The pigeon later received a medal of gallantry from London’s mayor and recognition from the U.S. Congress before retiring to his home at the Detroit Zoo.

— Source: Mich-Again’s Day.

Also see Joe Razes, “Pigeons of War”, America In WWII : In fierce fighting and deep in enemy territory, American pigeons carried life-or-death messages that radio and field phones could not.

1962: First Meijer “Thrifty Acres” Opens in Grand Rapids
Jun 6 all-day

Hendrik and Fred Meijer opened the first “Thrifty Acres” in Grand Rapids on this day, marking the birth of the first supercenter nationwide and an innovative concept that would springboard into a retail phenomenon.

Meijer’s origins go back to 1934 during the Great Depression when a modest local barber in Greenville, Michigan saw a need and an opportunity. In an effort to take care of the customers who visited his barbershop, Hendrik Meijer purchased $328.76 worth of merchandise on credit. Together with his 14-year-old son, Fred, they opened North Side Grocery.

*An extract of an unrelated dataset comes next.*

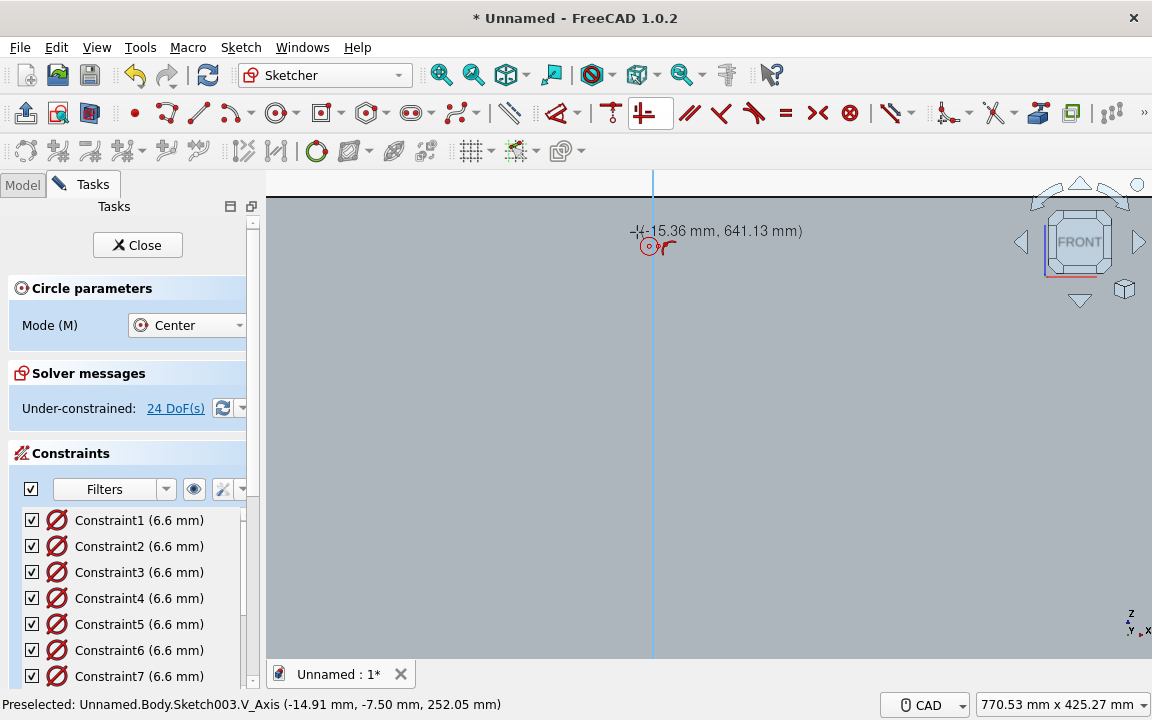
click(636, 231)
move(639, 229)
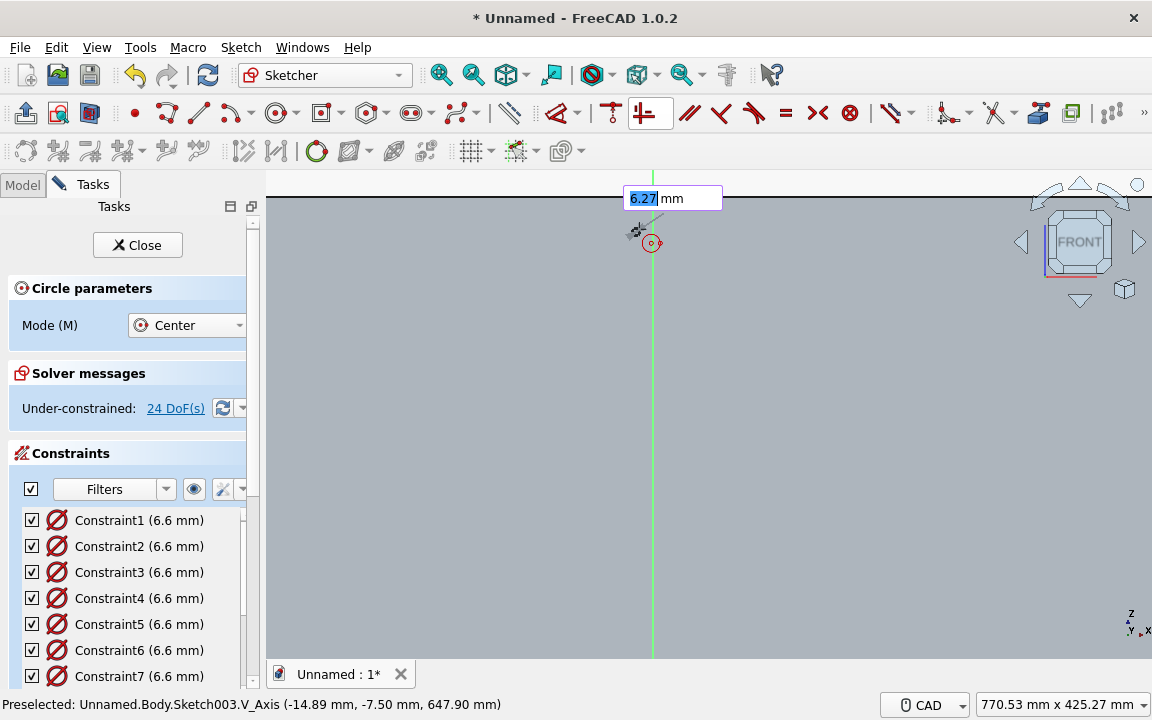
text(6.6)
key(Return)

Meijer continued to look for innovative opportunities and ways provide higher levels of service to his customers. He renamed his store Meijer’s Grocery and began broadening his business through the use of newspaper ads and fancy metal shopping carts. As World War II raged, Hendrik pledged his company’s support to the war effort, and just like the Arsenal of Democracy, women became a key part of the Meijer workforce, numbering nearly half of all team members.

After the war, growth at Meijer began in earnest. The company acquired an office in Greenville and opened its first store in Grand Rapids, the second largest city in Michigan. As Meijer’s customer base grew, the company asked its customers to help choose a name for a new symbol. Through a local contest, a customer suggested the name “Thrifty” for the Meijer little Dutch Boy mascot, who became the company’s symbol for the next thirty years.

With the start of the baby boom and advancements in technology, Meijer found new ways to help its customers. With the introduction of the automatic conveyor belt, Meijer was one of the first grocers in the region to help customers speed down the checkout lane. And when television took over in the 1950s, Meijer soon followed, advertising on the popular Romper Room show.

In 1962 Meijer opened its first Thrifty Acres, a food and general merchandise store that allowed customers to shop for everything they needed in just one trip. It was the birth of the Supercenter and the springboard for a concept that would grow into a retail phenomenon.

Meijer has always been a leader in finding and using new technology. This includes everything from the introduction of checkout scanners in the 1970’s to the decision to stay open 24 hours in the 1980’s to the launch of in the 1990’s.

Our commitment to innovation and taking care of our customers has led to continued growth throughout Michigan, Ohio, Indiana, Illinois and Kentucky. And our philosophy hasn’t changed. From the 1960’s when the company had 26 stores and 4,000 team members in Michigan to today’s 190 plus stores and 60,000 team members in five states, Meijer continues to do business based on the simple philosophy that led Hendrik Meijer in 1934—meeting the needs of our customers, team members and the communities we serve.